AA & MA. I desperately needed to understand what was going on, and I found Marijuana Anonymous right away. I made it to my first meeting the next night. I began studying the science available about addiction. I was with people who accepted me in my ruined state, and that acceptance was a balm I sorely needed. By reading about cannabis and observing myself, I was able to work out that my panic was purely chemical. It slowly subsided as the accumulated cannabis cleared out of my body. That's the thing about cannabis edibles: they get you pickled in the stuff. My detox from pot lasted months, not days. I went to meetings for about a month. At first, the only time I found any relief from panic was when I finally got to sleep at night or bathed in the balm of a meeting. But after a few weeks I began feeling like a fraud in the meetings.

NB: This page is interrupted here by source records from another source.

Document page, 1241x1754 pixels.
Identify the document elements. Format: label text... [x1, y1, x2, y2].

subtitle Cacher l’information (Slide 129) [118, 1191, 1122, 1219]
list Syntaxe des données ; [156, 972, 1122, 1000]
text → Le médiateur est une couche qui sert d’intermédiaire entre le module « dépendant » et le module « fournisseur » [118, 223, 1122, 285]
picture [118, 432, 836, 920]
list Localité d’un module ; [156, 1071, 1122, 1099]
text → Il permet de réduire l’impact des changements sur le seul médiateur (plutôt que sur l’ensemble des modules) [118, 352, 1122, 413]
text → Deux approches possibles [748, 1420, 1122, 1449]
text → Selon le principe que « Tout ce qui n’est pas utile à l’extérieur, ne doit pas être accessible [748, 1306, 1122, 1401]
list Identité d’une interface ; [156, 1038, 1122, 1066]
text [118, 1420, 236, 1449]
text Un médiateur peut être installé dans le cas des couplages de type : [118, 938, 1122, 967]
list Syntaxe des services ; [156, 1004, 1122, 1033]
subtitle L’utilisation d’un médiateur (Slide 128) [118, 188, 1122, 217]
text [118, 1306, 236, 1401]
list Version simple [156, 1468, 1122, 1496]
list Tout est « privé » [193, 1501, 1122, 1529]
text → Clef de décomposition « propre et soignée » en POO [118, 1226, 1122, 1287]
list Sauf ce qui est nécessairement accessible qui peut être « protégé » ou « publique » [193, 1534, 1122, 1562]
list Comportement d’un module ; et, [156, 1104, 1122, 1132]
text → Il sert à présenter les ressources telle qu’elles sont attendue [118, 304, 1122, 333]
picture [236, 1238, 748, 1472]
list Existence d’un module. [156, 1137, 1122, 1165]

These people were struggling, with inspiring grit and determination, year after year. Or blowing it yet again and coming back in with jaw set to get their 24 hour coin one more time. I had zero cravings, zero struggle. I had my panic attack, but after a month I was no longer depressed about it because I could feel it going away. I knew I'd get over that, it was just a matter of time. I didn't have an addiction to break, I just had a panic attack to get over. The whole pot episode had been my wisdom's way of waking me up to the truth that recreational drugs are wrong for me no matter what.

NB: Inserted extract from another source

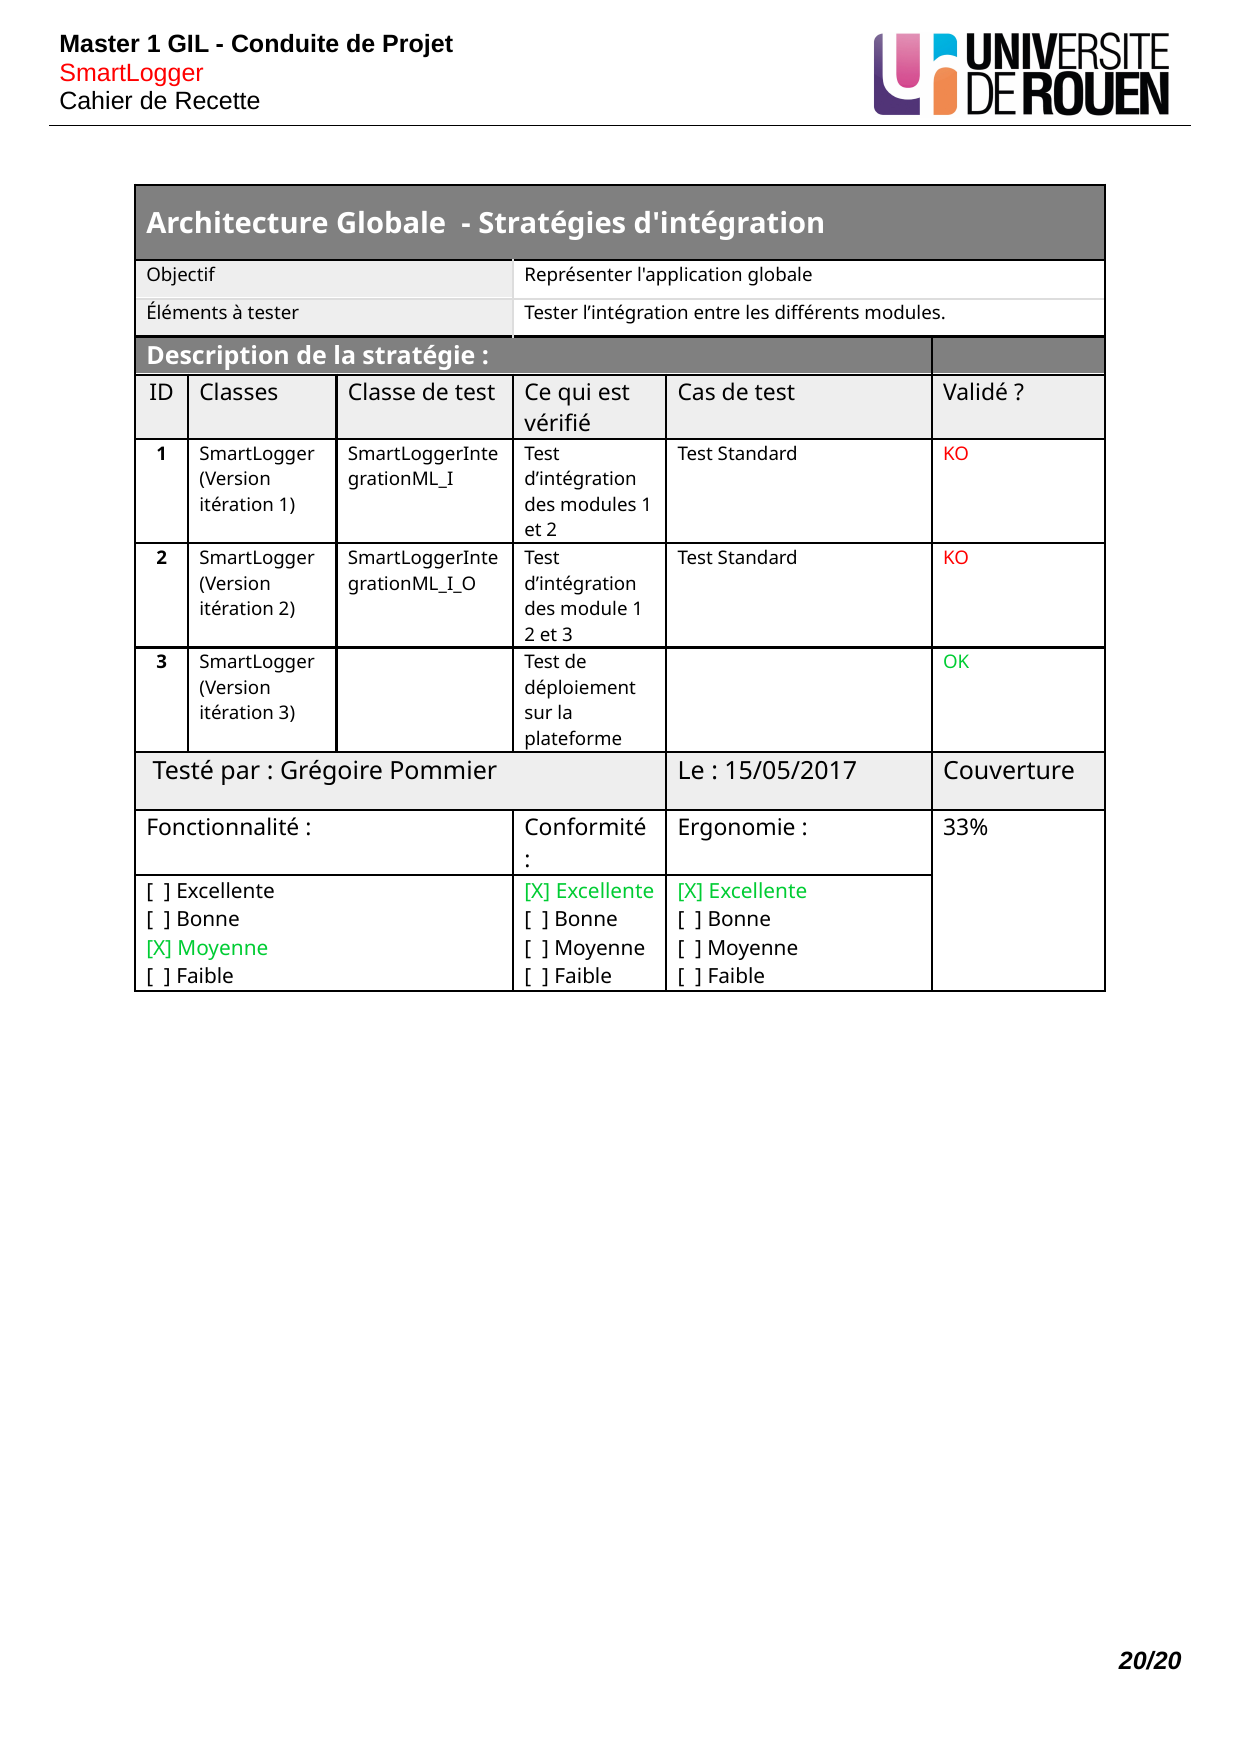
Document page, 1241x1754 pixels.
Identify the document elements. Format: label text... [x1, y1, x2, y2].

The pleasure of being. Recreational drugs are robbers, crude intruders. The pleasure my body gives me when I live well is subtle: a gentle glow of well-being, quiet satisfaction with the direction and progress of my life, loving the world in all its disarray, a sense that my life here has meaning. And so on; it's the ever-evolving pleasure of being alive. None of that ever got through, if it was even there, when I was getting buzzes from alcohol or pot. Those buzzes are way too loud to let the subtle pleasure of living be felt. Even the mellowest drug or alcohol high is very crude by comparison with the real thing. Drugs disrupt my body's exquisitely sensitive pleasure mechanisms. Being quiet inside is not automatic; mental noise is automatic. But now inner quiet, serenity, is my resting state; it's always there in the background, easy to reach. The quiet from that night in 2019 has never gone away; instead it's gotten much deeper.